Chapter IX.--Of the altar, and the ten or twelve miracles, that must attend Roman priests at every Mass.
Mass, as it is already said, cannot be such a real Sacrifice, as it is pretended to be, without a priest, and an altar.
As for altars, good care hath been taken, that they should be right and complete. It is ordered they be made of stone: [Decret. Evarist. Tom. 1. Concil.] otherwise if they were of wood, such as the apostles once had theirs, [Suarez, Disp. 81. Sect. 5. § Dicendum. Ergo secundo est.] they [Gratian, de Consecrat. Dist. i. Altaria.] could not be anointed. They must be all of one [Sylvester in Summa verb. Altar.] piece, not of two, shutting like a book, or joined one to another. They must be anointed with what they call Chrisma, and washed and sprinkled with holy water, for this sprinkling is likely [Thomas 3. p. q. 83. a. 3. Ad tertium.] to procure remission of venial sins. They must be consecrated by a bishop; unless it be in remote countries, where by a most special privilege, Jesuits may perform that office. The prayers at this consecration come to no less than to bringing down the Holy Ghost [Vasquez. Disp. 233. c. 2.] upon these stones. Upon these altars must there be wax candles [Pontifical. Rom. de Consecrat. Altaris.] burning night and day; for without these it were [Palud. Durand. &c. D. 13.] a mortal sin to say a Mass: and under them, bones of dead saints, [Becan. de Moral. Miss. q. 7. § Secunda Conclusio.] or in default thereof, as some think, [Durant. Rational. l. 1. c. 7. pag. 15.] the very Body of Christ, must be buried or deposited as a relic. I lay aside many lesser formalities, as the seven circuitings, the five crosses, &c. which, for all that, are conceived to be extremely necessary. For, says Suarez, it were a mortal sin [Suarez, Disp. 81. sect. 5. § In tertia.] to celebrate the Sacrifice upon an altar not consecrated after this manner: since by this consecration altars [Thomas. 3. p. q. 83. Art. 3. Ad tertium.] receive a spiritual virtue, which make them fit for God's service.
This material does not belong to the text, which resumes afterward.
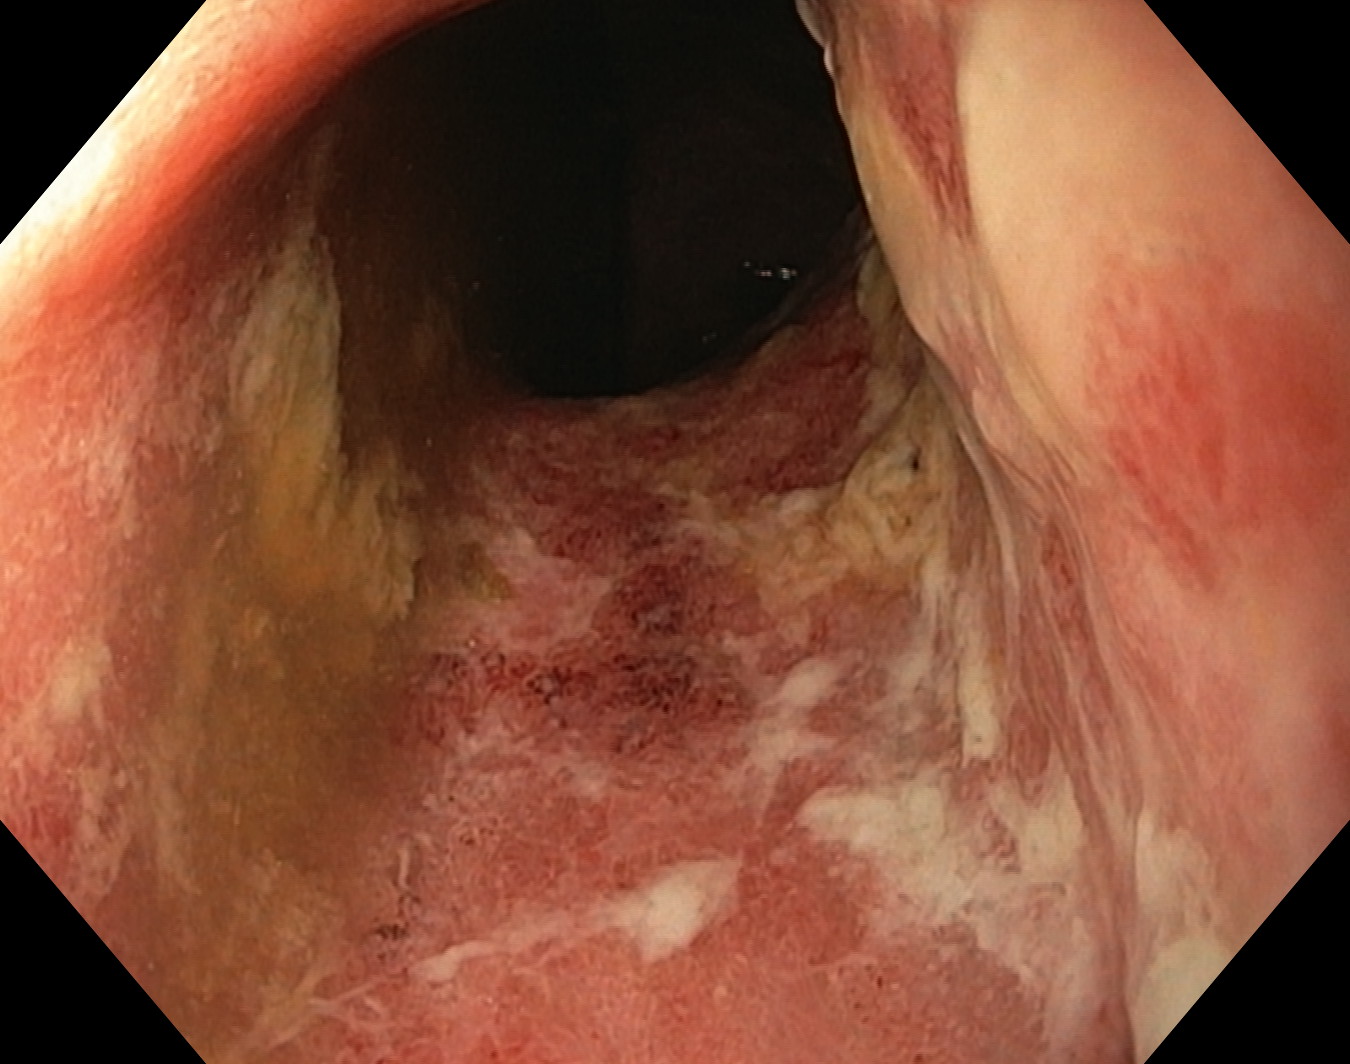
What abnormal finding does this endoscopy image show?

mucosal inflammation of the large bowel

All these things are easy to be had. The greater difficulty might be to find out such extraordinary Indulgences, as may both draw much people to Mass, and to capacitate the altar to raise the Sacrifice of Christ offered thereon, to some considerable rate, above its ordinary value.
But the mainest difficulty of all, is to get such a priest, as may be well qualified for the great work which he undertakes. This great work is, to get within his reach the Body of Christ from heaven and, in order to this reaching, to work in five words, more miracles than either Moses or Elisha, or any other saint, unless it be St. Dominic and St. Francis, ever did in his whole life.
At his saying these few Latin words, Hoc est enim corpus meum, if he will but mind what he says, (for without this intention, there is nothing done) 1. The substance of as many wafer cakes as can be well laid on the altar, is destroyed in a moment. And what you see remaining of them, is no more than an empty figure, a white colour, and such other hollow shadows. 2. These shadows and figures, after they have lost their substance, which was their only seat and support, must against their own nature, subsist without it and by themselves. The whole world affords nothing like. For the apples found about Sodom, that St. Augustine [August. de Civ. l. 21. c. 5.] makes mention of, have some ashes or soot within, which supports their cheating colour. And those tuns, which, as some say, a kind of thunder will waste within, and spare without, have still a dry hardened substance, that maintains their outward figure. The very phantasms, such as the disciples being affrighted once thought they saw, though destitute of flesh and bones, yet have some kind of vapour, or condensed air, that gives ground to their appearance. But these Mass accidents have not so much as the ordinary air to hang upon. The whiteness and roundness and taste and dryness of these consecrated wafers remain, when the white, round, insipid, dry wafers are destroyed; just as if you can imagine all the stories and antiquities of the Vatican library fluttering still about the walls, after all the books that contained them are consumed by age, or burnt to ashes. Such a continual and prodigious miracle, never heard of before transubstantiation, must at every Mass save and keep these white, round, dry nothings.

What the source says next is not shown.